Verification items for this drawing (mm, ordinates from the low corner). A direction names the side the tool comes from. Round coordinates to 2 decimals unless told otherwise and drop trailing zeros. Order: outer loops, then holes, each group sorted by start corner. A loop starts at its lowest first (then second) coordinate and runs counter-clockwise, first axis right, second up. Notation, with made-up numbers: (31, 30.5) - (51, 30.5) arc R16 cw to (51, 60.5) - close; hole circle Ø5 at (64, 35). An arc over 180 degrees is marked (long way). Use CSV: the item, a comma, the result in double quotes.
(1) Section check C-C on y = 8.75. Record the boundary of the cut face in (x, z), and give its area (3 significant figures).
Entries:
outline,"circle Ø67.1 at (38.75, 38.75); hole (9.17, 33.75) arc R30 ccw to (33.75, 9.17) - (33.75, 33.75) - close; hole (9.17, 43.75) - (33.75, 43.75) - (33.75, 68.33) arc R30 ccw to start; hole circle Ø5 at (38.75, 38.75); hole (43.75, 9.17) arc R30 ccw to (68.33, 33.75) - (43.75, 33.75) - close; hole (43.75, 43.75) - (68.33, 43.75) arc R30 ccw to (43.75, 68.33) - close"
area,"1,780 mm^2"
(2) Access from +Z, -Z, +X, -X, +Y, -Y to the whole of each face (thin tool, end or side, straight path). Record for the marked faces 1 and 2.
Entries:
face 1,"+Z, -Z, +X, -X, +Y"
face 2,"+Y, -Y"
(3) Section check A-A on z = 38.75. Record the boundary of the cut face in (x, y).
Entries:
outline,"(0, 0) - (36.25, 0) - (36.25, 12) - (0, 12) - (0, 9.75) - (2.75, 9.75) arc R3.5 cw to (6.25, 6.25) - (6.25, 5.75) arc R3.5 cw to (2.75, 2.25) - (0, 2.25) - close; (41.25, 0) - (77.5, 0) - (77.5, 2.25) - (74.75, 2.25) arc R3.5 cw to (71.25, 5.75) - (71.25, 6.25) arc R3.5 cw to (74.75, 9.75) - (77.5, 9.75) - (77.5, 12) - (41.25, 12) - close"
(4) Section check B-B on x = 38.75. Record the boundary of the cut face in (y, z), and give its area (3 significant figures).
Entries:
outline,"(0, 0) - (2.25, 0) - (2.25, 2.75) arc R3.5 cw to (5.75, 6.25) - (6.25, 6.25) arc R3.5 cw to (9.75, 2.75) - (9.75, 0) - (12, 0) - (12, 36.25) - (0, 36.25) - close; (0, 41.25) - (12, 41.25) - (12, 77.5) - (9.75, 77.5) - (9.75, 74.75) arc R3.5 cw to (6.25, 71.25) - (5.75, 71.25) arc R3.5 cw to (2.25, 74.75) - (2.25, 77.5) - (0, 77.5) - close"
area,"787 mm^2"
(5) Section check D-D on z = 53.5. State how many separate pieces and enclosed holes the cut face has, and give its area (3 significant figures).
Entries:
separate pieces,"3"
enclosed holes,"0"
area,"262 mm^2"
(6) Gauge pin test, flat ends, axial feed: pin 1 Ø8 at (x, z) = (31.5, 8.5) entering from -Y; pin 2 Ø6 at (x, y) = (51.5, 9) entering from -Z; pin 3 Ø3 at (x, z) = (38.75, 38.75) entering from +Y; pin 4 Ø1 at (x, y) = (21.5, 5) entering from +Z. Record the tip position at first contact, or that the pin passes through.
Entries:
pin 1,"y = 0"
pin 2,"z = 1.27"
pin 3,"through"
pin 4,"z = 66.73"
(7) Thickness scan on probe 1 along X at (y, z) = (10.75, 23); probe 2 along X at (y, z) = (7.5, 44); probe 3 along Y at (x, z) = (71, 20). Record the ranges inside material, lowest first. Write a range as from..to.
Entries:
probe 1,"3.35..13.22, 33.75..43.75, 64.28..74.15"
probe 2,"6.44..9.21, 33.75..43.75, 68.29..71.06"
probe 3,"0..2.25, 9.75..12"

§ Activity: Make an exact copy of the data above.

§ Written reply:
Verification items for this drawing (mm, ordinates from the low corner). A direction names the side the tool comes from. Round coordinates to 2 decimals unless told otherwise and drop trailing zeros. Order: outer loops, then holes, each group sorted by start corner. A loop starts at its lowest first (then second) coordinate and runs counter-clockwise, first axis right, second up. Notation, with made-up numbers: (31, 30.5) - (51, 30.5) arc R16 cw to (51, 60.5) - close; hole circle Ø5 at (64, 35). An arc over 180 degrees is marked (long way). Use CSV: the item, a comma, the result in double quotes.
(1) Section check C-C on y = 8.75. Record the boundary of the cut face in (x, z), and give its area (3 significant figures).
Entries:
outline,"circle Ø67.1 at (38.75, 38.75); hole (9.17, 33.75) arc R30 ccw to (33.75, 9.17) - (33.75, 33.75) - close; hole (9.17, 43.75) - (33.75, 43.75) - (33.75, 68.33) arc R30 ccw to start; hole circle Ø5 at (38.75, 38.75); hole (43.75, 9.17) arc R30 ccw to (68.33, 33.75) - (43.75, 33.75) - close; hole (43.75, 43.75) - (68.33, 43.75) arc R30 ccw to (43.75, 68.33) - close"
area,"1,780 mm^2"
(2) Access from +Z, -Z, +X, -X, +Y, -Y to the whole of each face (thin tool, end or side, straight path). Record for the marked faces 1 and 2.
Entries:
face 1,"+Z, -Z, +X, -X, +Y"
face 2,"+Y, -Y"
(3) Section check A-A on z = 38.75. Record the boundary of the cut face in (x, y).
Entries:
outline,"(0, 0) - (36.25, 0) - (36.25, 12) - (0, 12) - (0, 9.75) - (2.75, 9.75) arc R3.5 cw to (6.25, 6.25) - (6.25, 5.75) arc R3.5 cw to (2.75, 2.25) - (0, 2.25) - close; (41.25, 0) - (77.5, 0) - (77.5, 2.25) - (74.75, 2.25) arc R3.5 cw to (71.25, 5.75) - (71.25, 6.25) arc R3.5 cw to (74.75, 9.75) - (77.5, 9.75) - (77.5, 12) - (41.25, 12) - close"
(4) Section check B-B on x = 38.75. Record the boundary of the cut face in (y, z), and give its area (3 significant figures).
Entries:
outline,"(0, 0) - (2.25, 0) - (2.25, 2.75) arc R3.5 cw to (5.75, 6.25) - (6.25, 6.25) arc R3.5 cw to (9.75, 2.75) - (9.75, 0) - (12, 0) - (12, 36.25) - (0, 36.25) - close; (0, 41.25) - (12, 41.25) - (12, 77.5) - (9.75, 77.5) - (9.75, 74.75) arc R3.5 cw to (6.25, 71.25) - (5.75, 71.25) arc R3.5 cw to (2.25, 74.75) - (2.25, 77.5) - (0, 77.5) - close"
area,"787 mm^2"
(5) Section check D-D on z = 53.5. State how many separate pieces and enclosed holes the cut face has, and give its area (3 significant figures).
Entries:
separate pieces,"3"
enclosed holes,"0"
area,"262 mm^2"
(6) Gauge pin test, flat ends, axial feed: pin 1 Ø8 at (x, z) = (31.5, 8.5) entering from -Y; pin 2 Ø6 at (x, y) = (51.5, 9) entering from -Z; pin 3 Ø3 at (x, z) = (38.75, 38.75) entering from +Y; pin 4 Ø1 at (x, y) = (21.5, 5) entering from +Z. Record the tip position at first contact, or that the pin passes through.
Entries:
pin 1,"y = 0"
pin 2,"z = 1.27"
pin 3,"through"
pin 4,"z = 66.73"
(7) Thickness scan on probe 1 along X at (y, z) = (10.75, 23); probe 2 along X at (y, z) = (7.5, 44); probe 3 along Y at (x, z) = (71, 20). Record the ranges inside material, lowest first. Write a range as from..to.
Entries:
probe 1,"3.35..13.22, 33.75..43.75, 64.28..74.15"
probe 2,"6.44..9.21, 33.75..43.75, 68.29..71.06"
probe 3,"0..2.25, 9.75..12"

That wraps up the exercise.